Von Rudolf von Gottschall.

Ein deutsches Volksblatt hat nicht die Pflicht, aller ausländischen Größen zu gedenken, wohl aber derjenigen, welche deutschem Geist und deutschem Wesen mit Begeisterung gehuldigt und zur Anerkennung desselben bei fremden Nationen beigetragen haben. Ein solcher Vermittler der deutschen Literatur mit der englischen, ein solcher begeisterter Verehrer unserer großen Denker und Dichter ist der jüngst verstorbene Schotte Thomas Carlyle, zugleich einer der orginellsten Schriftsteller des neuen England, ein Selbstdenker von großer Unabhängigkeit und Kühnheit, ein Historiker von dem glänzendsten Colorit, ein Autor, der von Einigen als ungenießbar und als phantastischer Wirrkopf verschrieen, von Anderen gepriesen wird als einer der genialsten Anwälte des Idealismus in einem, wie er selbst sagt, „mechanischen“ Zeitalter.

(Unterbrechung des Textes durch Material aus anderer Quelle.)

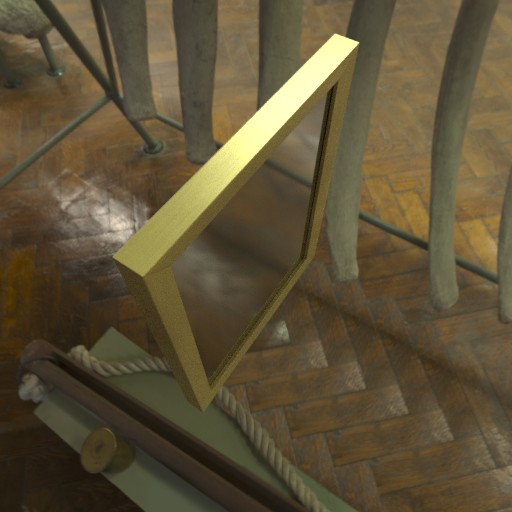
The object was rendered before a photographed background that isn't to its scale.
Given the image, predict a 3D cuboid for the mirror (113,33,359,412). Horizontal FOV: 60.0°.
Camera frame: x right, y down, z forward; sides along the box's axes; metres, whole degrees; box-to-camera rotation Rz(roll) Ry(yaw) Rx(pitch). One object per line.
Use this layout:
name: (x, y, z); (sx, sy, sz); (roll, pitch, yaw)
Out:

Thomas Carlyle war am 4. Dec. 1795 in Ecclefechan, im Süden Schottlands, geboren, als Sohn eines Farmers, eines Mannes von Verstand und Witz. Zuerst besuchte er die Dorfschule, dann das Gymnasium zu Annan; seine Lehrer waren Pedanten; so schildert er sie in seinem „Sartor resartus“, einem Werk, in welches so Vieles über seine Jugendjahre und seine eigene geistige Entwickelung hineingeheimnißt ist. Auch die Professoren der Universität Edinburgh, die er 1809 bezog, waren von demselben Schlage. Carlyle sollte Theologie studiren; doch seine Neigung zog ihn zur Mathematik, zu Sprach- und Literaturstudien, und auf der Bibliothek war er bald besser zu Hause, als ihre Pfleger. Lange schwankte er in der Wahl seines Berufs; eine Zeit lang, im Jahre 1814, war er Gymnasiallehrer der Mathematik in Annan, dann in Kirkaldy am nördlichen Ufer des Firth of Forth. Innerlich machte er religiöse Kämpfe durch und konnte sich zuletzt nicht für die theologische Laufbahn entscheiden, obschon die Sittenstrenge und der Ernst des schottischen Puritanismus für ihn viel Anziehendes hatte und auch seinem Naturell keineswegs fremdartig war. Wir finden ihn dann als Privatlehrer in Edinburgh; mit Stunden und Uebersetzungen verdiente er sich seinen Lebensunterhalt.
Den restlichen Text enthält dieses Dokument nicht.